# add ram, ok to mix brands?



## Samdbugman (Jun 8, 2011)

i am thinking of going from 2 x 2gb ddr3 1600 ram to 4 x 2gb ddr3 1600. 
would there be a problem in mixing brands of ram, as long as i the new ram is cas 9 and 1.65 volts? i can get the same brand of ram that i have now 
[corsair CMX4GX3M2A1600C9] but i can get patriot or kingston hyperx ram for $5-$15 cheaper. would mixing brands be a problem?


----------



## robal (Jun 8, 2011)

Hi,

Mixing brands is not a problem.

Just keep in mind that the whole system memory will work at the speed of the slowest module in the pack.

Also, for dual/triple channel performance, you need pairs/triples to be similar or identical.
In your configuration, if you keep your current pair and buy another pair from different brand, you'll still keep dual channel performance.

Look into your mobo's manual.

Cheers,


----------



## entropy13 (Jun 8, 2011)

No problems in mixing brands so long as they're the same frequency and latencies.

For dual-channel too work, they should have the same capacity per module too, AFAIK.


----------



## robal (Jun 8, 2011)

To be precise:
For dual channel: Each pair must be of identical modules. Pairs can be different in size, frequency, latencies.
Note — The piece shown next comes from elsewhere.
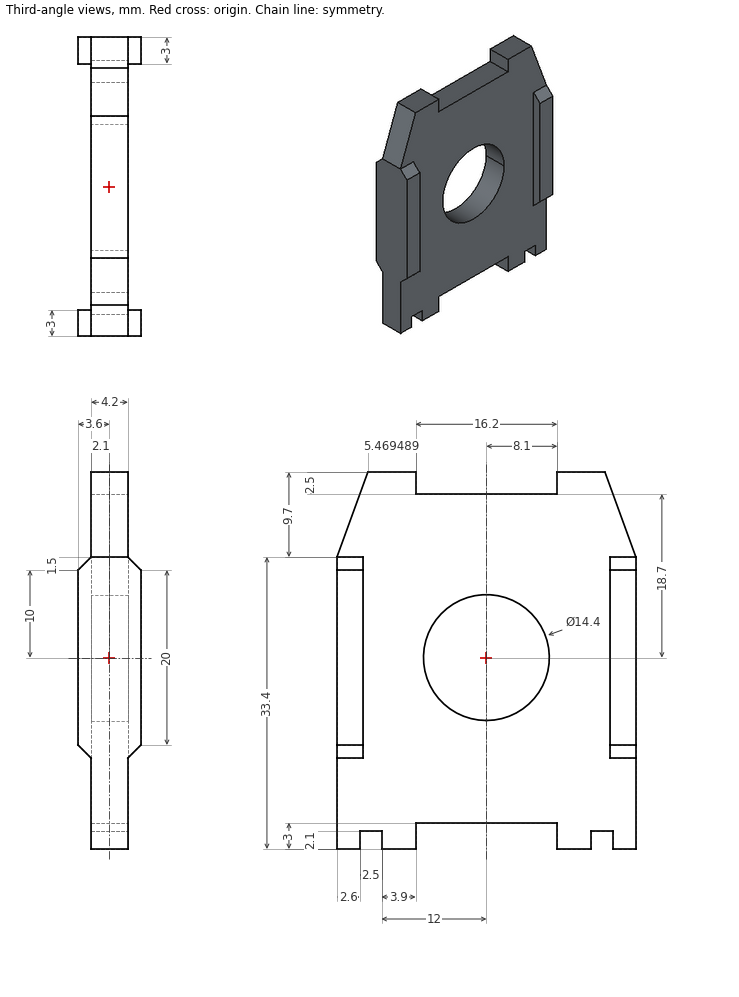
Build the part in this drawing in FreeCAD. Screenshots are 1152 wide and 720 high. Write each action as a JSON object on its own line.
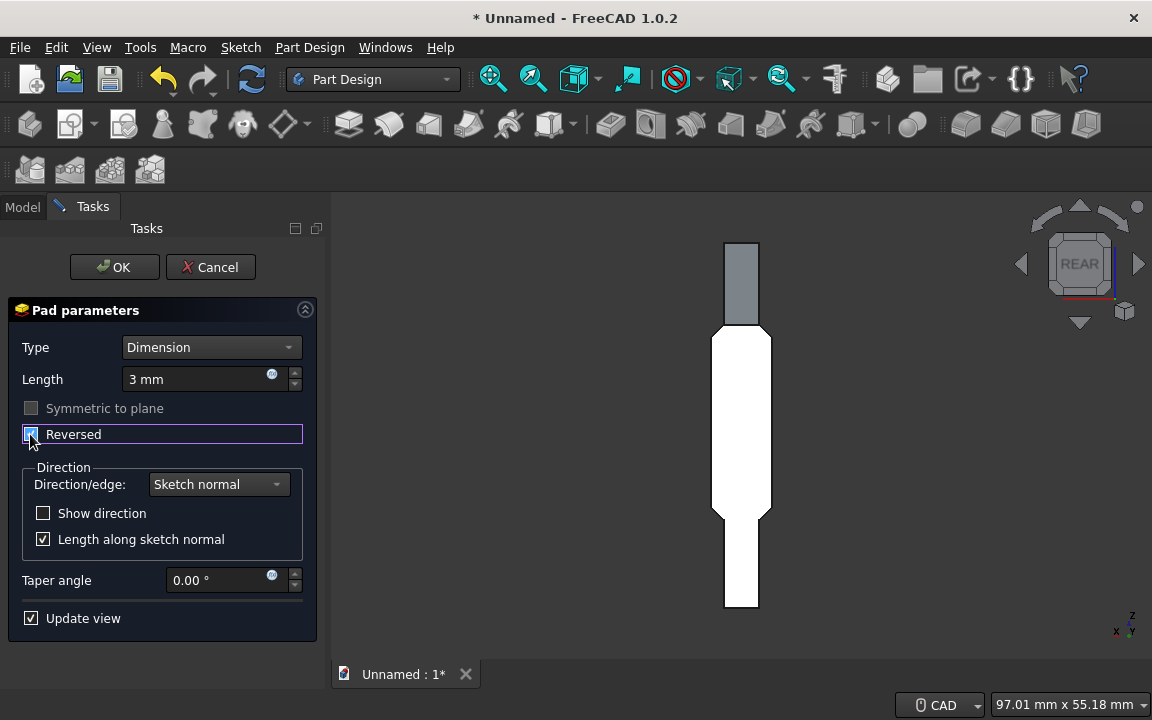
{"action": "left_click", "coordinate": [115, 267]}

Dual channel may work with pair made of different vendor's sticks as long they're of same size, frequency and latencies. But that's not guaranteed.


----------



## LordJummy (Jun 8, 2011)

For the $5-15 dollar price difference I would get the identical Corsair RAM. Especially if you want to be 100% sure there won't be issues.

Otherwise, good luck, it should work fine. I've mixed all kinds of RAM on older builds and budget servers.


----------



## erocker (Jun 8, 2011)

LordJummy said:


> For the $5-15 dollar price difference I would get the identical Corsair RAM. Especially if you want to be 100% sure there won't be issues.
> 
> Otherwise, good luck, it should work fine. I've mixed all kinds of RAM on older builds and budget servers.



I agree. That's 5-15 bucks that could save you a potential headache. Also, you may find that your system will be hard pressed to run four sticks at 1600mhz. You will probablly either need to add voltage to the RAM and/or CPU/NB or lower the frequency. 1600mhz at cas9 on an AMD system doesn't give very good performance. You may want to try lowering the frequency to 1333mhz and lowering the timings.


----------



## sttubs (Jun 8, 2011)

erocker is correct, when you populate all DIMMS it is more difficult to hit the 1600 mark & it's far more difficult to overclock your system. Your best option, IMO, would be to sell what you have & buy a 2x4gb package.


----------



## Samdbugman (Jun 9, 2011)

thanks for the replies. i have no one to sell the present memory to, so i am probably going to just add 2 more sticks of the corsair CMX4GX3M2A1600C9 . i have no real intrest in over clocking, so i guess i will go that way.


----------